Write a program that does what the snippet is doing, just not interactively. Take an image and an (x, y) coordinate in the bounds of image, and a maximum curve length. Output the same image with the added black curve that follows the hue angles starting at (x, y) and ends when it reached the maximum length or hits an image boundary.

Specifically, start the curve at (x, y) and measure the hue angle there. Go one unit (one pixel's width) in that direction, noting that your new position is most likely not an integer coordinate. Mark another point on the curve and move again, using the hue from the closest pixel (using something like floor or round, I won't be checking this precisely). Continue on like this until the curve goes out of bounds or it exceeds the maximum length. To finish, plot all the curve points as single black pixels (again, use nearest pixels) overlayed on the image, and output this new image.

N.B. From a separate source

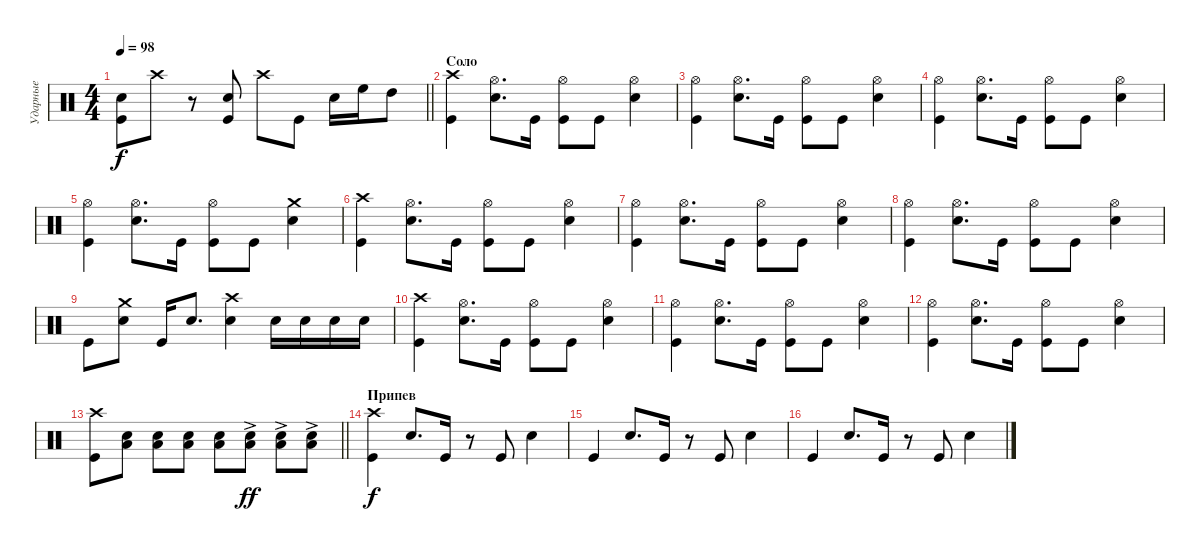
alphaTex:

The "hue angle" is just the hue:

hue = atan2(sqrt(3) * (G - B), 2 * R - G - B)

Note that for grayscale values that don't technically have a hue, this returns 0, but that's fine.

(This formula uses atan2 which most built-in math libraries have. R, G, B are from 0 to 1, not 0 to 255.)

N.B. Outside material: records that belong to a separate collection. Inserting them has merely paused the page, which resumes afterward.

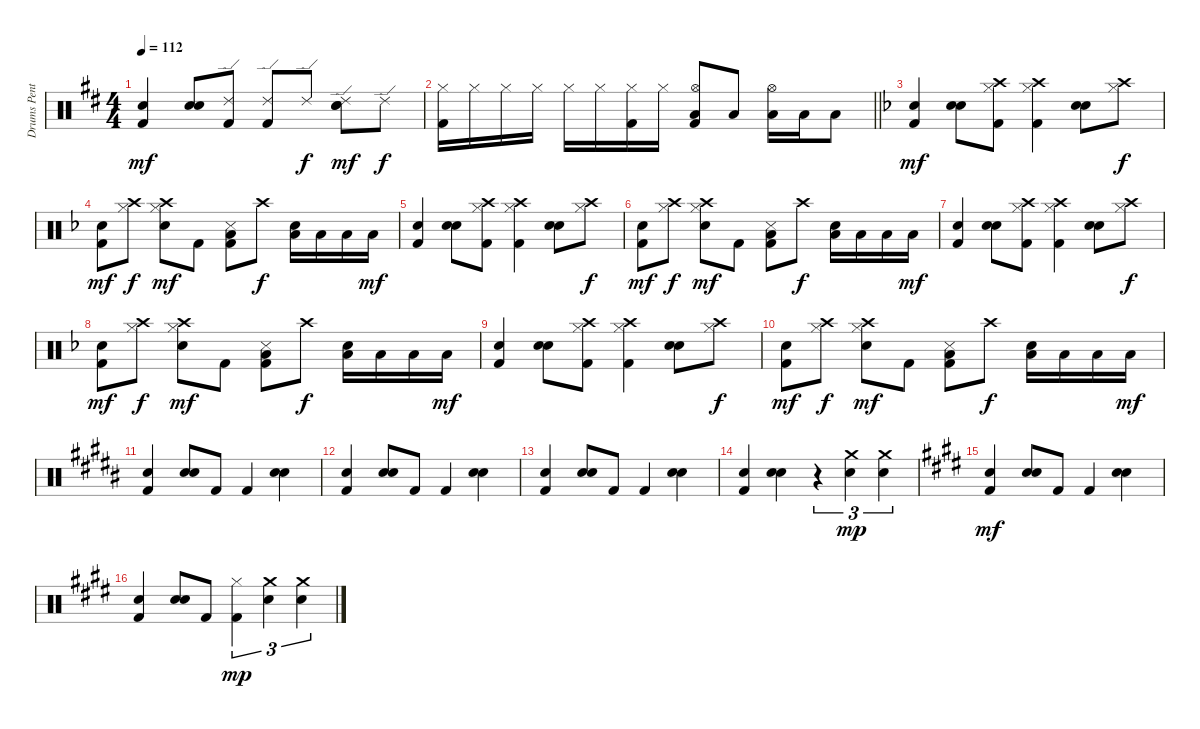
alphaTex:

\track ("Drums Pentti Glan" "Drums Pent") {mute instrument percussion}
\staff {score}
\articulation defaults
\ts (4 4)
\tempo 112
\clef neutral
\ks d
("Hand Clap (hit)" "Kick (hit) 2").4{dy mf} ("Electric Snare (hit)" "Snare (hit) 2").8 ("Ride (edge) 2" "Kick (hit) 2").8 ("Ride (edge) 2" "Kick (hit) 2").8 "Ride (edge) 2".8{dy f} ("Ride (edge) 2" "Electric Snare (hit)" "Snare (hit) 2").8{dy mf} "Ride (edge) 2".8{dy f} |
\barLineRight lightlight
("Hi-Hat (closed)" "Kick (hit) 2").16 "Hi-Hat (closed)".16 "Hi-Hat (closed)".16 "Hi-Hat (closed)".16 "Hi-Hat (closed)".16 "Hi-Hat (closed)".16 ("Hi-Hat (closed)" "Kick (hit) 2").16 "Hi-Hat (closed)".16 ("Hi-Hat (open)" "Low Tom (hit)" "Kick (hit) 2").8 "Low Tom (hit)".8 ("Hi-Hat (open)" "Low Tom (hit)").16 "Low Tom (hit)".16 "Low Tom (hit)".8 |
\ks f
("Hand Clap (hit)" "Kick (hit) 2").4{dy mf} ("Electric Snare (hit)" "Snare (hit) 2").8 ("Crash high (hit)" "Hi-Hat (closed)" "Kick (hit) 2").8 ("Crash high (hit)" "Hi-Hat (closed)" "Kick (hit) 2").4 ("Electric Snare (hit)" "Snare (hit) 2").8 ("Crash high (hit)" "Hi-Hat (closed)").8{dy f} |
("Hand Clap (hit)" "Kick (hit) 2").8{dy mf} ("Crash high (hit)" "Hi-Hat (closed)").8{dy f} ("Crash high (hit)" "Hi-Hat (closed)" "Snare (hit) 2").8{dy mf} "Kick (hit) 2".8 ("Snare (side stick) 3" "Low Tom (hit)" "Kick (hit) 2").8 "Crash high (hit)".8{dy f} ("Electric Snare (hit)" "Low Tom (hit)").16 "Low Tom (hit)".16 "Low Tom (hit)".16 "Low Tom (hit)".16{dy mf} |
("Hand Clap (hit)" "Kick (hit) 2").4 ("Electric Snare (hit)" "Snare (hit) 2").8 ("Crash high (hit)" "Hi-Hat (closed)" "Kick (hit) 2").8 ("Crash high (hit)" "Hi-Hat (closed)" "Kick (hit) 2").4 ("Electric Snare (hit)" "Snare (hit) 2").8 ("Crash high (hit)" "Hi-Hat (closed)").8{dy f} |
("Hand Clap (hit)" "Kick (hit) 2").8{dy mf} ("Crash high (hit)" "Hi-Hat (closed)").8{dy f} ("Crash high (hit)" "Hi-Hat (closed)" "Snare (hit) 2").8{dy mf} "Kick (hit) 2".8 ("Snare (side stick) 3" "Low Tom (hit)" "Kick (hit) 2").8 "Crash high (hit)".8{dy f} ("Electric Snare (hit)" "Low Tom (hit)").16 "Low Tom (hit)".16 "Low Tom (hit)".16 "Low Tom (hit)".16{dy mf} |
("Hand Clap (hit)" "Kick (hit) 2").4 ("Electric Snare (hit)" "Snare (hit) 2").8 ("Crash high (hit)" "Hi-Hat (closed)" "Kick (hit) 2").8 ("Crash high (hit)" "Hi-Hat (closed)" "Kick (hit) 2").4 ("Electric Snare (hit)" "Snare (hit) 2").8 ("Crash high (hit)" "Hi-Hat (closed)").8{dy f} |
("Hand Clap (hit)" "Kick (hit) 2").8{dy mf} ("Crash high (hit)" "Hi-Hat (closed)").8{dy f} ("Crash high (hit)" "Hi-Hat (closed)" "Snare (hit) 2").8{dy mf} "Kick (hit) 2".8 ("Snare (side stick) 3" "Low Tom (hit)" "Kick (hit) 2").8 "Crash high (hit)".8{dy f} ("Electric Snare (hit)" "Low Tom (hit)").16 "Low Tom (hit)".16 "Low Tom (hit)".16 "Low Tom (hit)".16{dy mf} |
("Hand Clap (hit)" "Kick (hit) 2").4 ("Electric Snare (hit)" "Snare (hit) 2").8 ("Crash high (hit)" "Hi-Hat (closed)" "Kick (hit) 2").8 ("Crash high (hit)" "Hi-Hat (closed)" "Kick (hit) 2").4 ("Electric Snare (hit)" "Snare (hit) 2").8 ("Crash high (hit)" "Hi-Hat (closed)").8{dy f} |
("Hand Clap (hit)" "Kick (hit) 2").8{dy mf} ("Crash high (hit)" "Hi-Hat (closed)").8{dy f} ("Crash high (hit)" "Hi-Hat (closed)" "Snare (hit) 2").8{dy mf} "Kick (hit) 2".8 ("Snare (side stick) 3" "Low Tom (hit)" "Kick (hit) 2").8 "Crash high (hit)".8{dy f} ("Electric Snare (hit)" "Low Tom (hit)").16 "Low Tom (hit)".16 "Low Tom (hit)".16 "Low Tom (hit)".16{dy mf} |
\ks b
("Hand Clap (hit)" "Kick (hit) 2").4 ("Electric Snare (hit)" "Snare (hit) 2").8 "Kick (hit) 2".8 "Kick (hit) 2".4 ("Electric Snare (hit)" "Snare (hit) 2").4 |
("Hand Clap (hit)" "Kick (hit) 2").4 ("Electric Snare (hit)" "Snare (hit) 2").8 "Kick (hit) 2".8 "Kick (hit) 2".4 ("Electric Snare (hit)" "Snare (hit) 2").4 |
("Hand Clap (hit)" "Kick (hit) 2").4 ("Electric Snare (hit)" "Snare (hit) 2").8 "Kick (hit) 2".8 "Kick (hit) 2".4 ("Electric Snare (hit)" "Snare (hit) 2").4 |
("Hand Clap (hit)" "Kick (hit) 2").4 ("Electric Snare (hit)" "Snare (hit) 2").4 r.4{tu (3 2)} ("Crash medium (hit)" "Electric Snare (hit)").4{tu (3 2) dy mp} ("Crash medium (hit)" "Electric Snare (hit)").4{tu (3 2)} |
\ks e
("Hand Clap (hit)" "Kick (hit) 2").4{dy mf} ("Electric Snare (hit)" "Snare (hit) 2").8 "Kick (hit) 2".8 "Kick (hit) 2".4 ("Electric Snare (hit)" "Snare (hit) 2").4 |
("Hand Clap (hit)" "Kick (hit) 2").4 ("Electric Snare (hit)" "Snare (hit) 2").8 "Kick (hit) 2".8 ("Hi-Hat (closed)" "Kick (hit) 2").4{tu (3 2) dy mp} ("Crash medium (hit)" "Electric Snare (hit)").4{tu (3 2)} ("Crash medium (hit)" "Electric Snare (hit)").4{tu (3 2)}

  • You can use any common lossless image file format as well as any image libraries.
  • Take input from stdin or the command line, or write a function with arguments for the image file name, x and y, and the max length.
  • The max length and x and y are always nonnegative integers. You can assume x and y are in range.
  • Save the output image with a name of your choice or simply display it.
  • Your implementation does not have to exactly match the snippet. A few pixels in slightly different places due to a slightly different rounding/calculation method is fine. (In chaotic cases this could lead to curves that end up majorly different, but as long as they look correct visually, it's fine.)

Scoring

The smallest submission in bytes wins.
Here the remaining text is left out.